Acórdão nº 1320/22.9T9LSB.L1-5 de Tribunal da Relação de Lisboa, 2023-01-24

Ano2023
Número Acordão1320/22.9T9LSB.L1-5
ÓrgãoTribunal da Relação de Lisboa
Acordaram, em conferência, na 5ª Secção Criminal do Tribunal da Relação de Lisboa:

I-RELATÓRIO
I.1 No âmbito do processo abreviado que corre termos pelo Juízo Local de Pequena Criminalidade de Lisboa – Juiz 5, do Tribunal Judicial da Comarca de Lisboa, em 30-06-2022, foi proferida sentença, com o seguinte dispositivo, que se transcreve, no que agora interessa:
“(…)
DISPOSITIVO:
Pelo exposto, o tribunal julga a acusação totalmente procedente por totalmente provada e em consequência decide:
a) Condenar o arguido ____, pela prática, em autoria material e na forma consumada, de um crime de desobediência, previsto e punido pelo artigo 348.º, nº1, alínea b), do Código Penal, na pena de 100 (cem) dias de multa, à taxa diária de 6,00 (seis euros), o que perfaz um total de € 600,00 (seiscentos euros), a que correspondem em caso de incumprimento e da impossibilidade de cobrança coerciva 66 (sessenta e seis) dias de prisão subsidiária.
(…)”.
»
I.2 Recurso da decisão
Inconformado com tal decisão, dela interpôs recurso o arguido para este Tribunal da Relação, com os fundamentos expressos na respetiva motivação, da qual extraiu as seguintes conclusões [transcrição]:
“CONCLUSÕES:
1. Realizada a audiência de discussão e julgamento, foi o arguido condenado, pela prática de um crime de desobediência (p. e p. pelos artº348º, nº1, alínea b), CP), na pena de 100 dias de multa à taxa diária de € 6,00, o que perfaz um total de € 600,00.

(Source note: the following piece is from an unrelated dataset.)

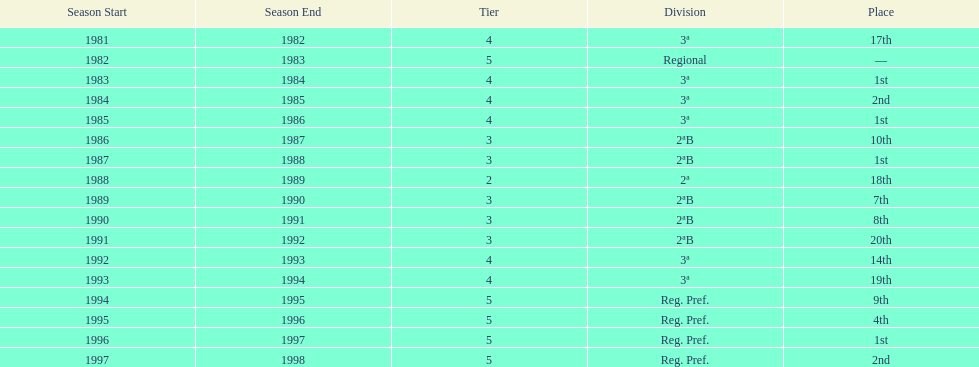Which tier was ud alzira a part of the least? 2.

2. Mais foi o arguido condenado em multa processual, nos termos do disposto no artº116º e 117º do CPP, por não ter comparecido nem justificado a sua falta, em sede de audiência de julgamento.

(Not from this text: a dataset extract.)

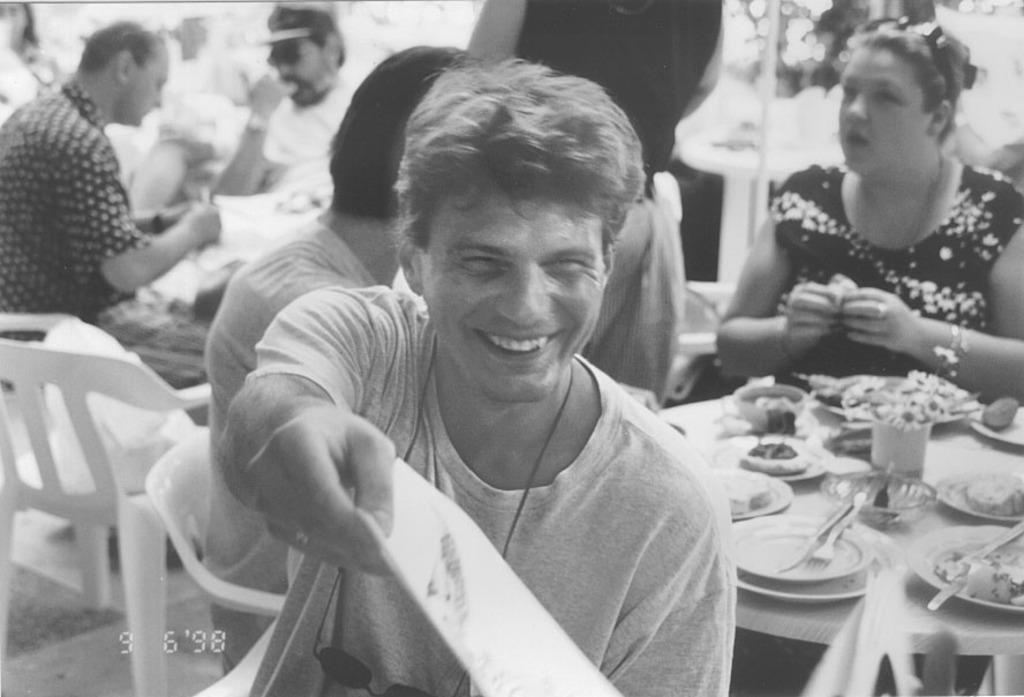What are the people in the image doing? The people in the image are sitting on chairs. What is present on the table in the image? There are plates, bowls, forks, and spoons on the table. What might the people be using the forks and spoons for? The forks and spoons are likely for eating, as they are on the table with plates and bowls. What type of sidewalk can be seen in the image? There is no sidewalk present in the image; it features people sitting on chairs and a table with plates, bowls, forks, and spoons.

3. Ora, compulsados os autos, verifica-se que a notificação da data de julgamento ao Recorrente, com o registo RE725252260PT – não obstante o distribuidor de serviços postais ter certificado o seu depósito no receptáculo postal em 31/05/2022 – foi devolvida aos autos em 04/07/2022, com a indicação manuscrita de que teria sido entregue no lote errado.
4. Tendo sido por essa razão que o arguido, ora Recorrente, não compareceu em julgamento, cuja realização desconhecia, tendo sido assim indevidamente condenado em multa processual pela falta, que urge ser revogada.
5. Mas, mais grave, não tendo sido notificado, o arguido viu ser-lhe vedado o exercício dos seus direitos de defesa, nomeadamente o de estar presente em julgamento e aí, querendo, prestar declarações e apresentar as suas razões – direitos processualmente e constitucionalmente garantidos.
6. Não podendo o Recorrente ser penalizado, nem responsabilizado, por um erro do distribuidor do serviço postal, que depositou a notificação no receptáculo indevido e diverso da morada aposta pelo Tribunal; erro ao qual o Recorrente é totalmente alheio e a ele não deu causa.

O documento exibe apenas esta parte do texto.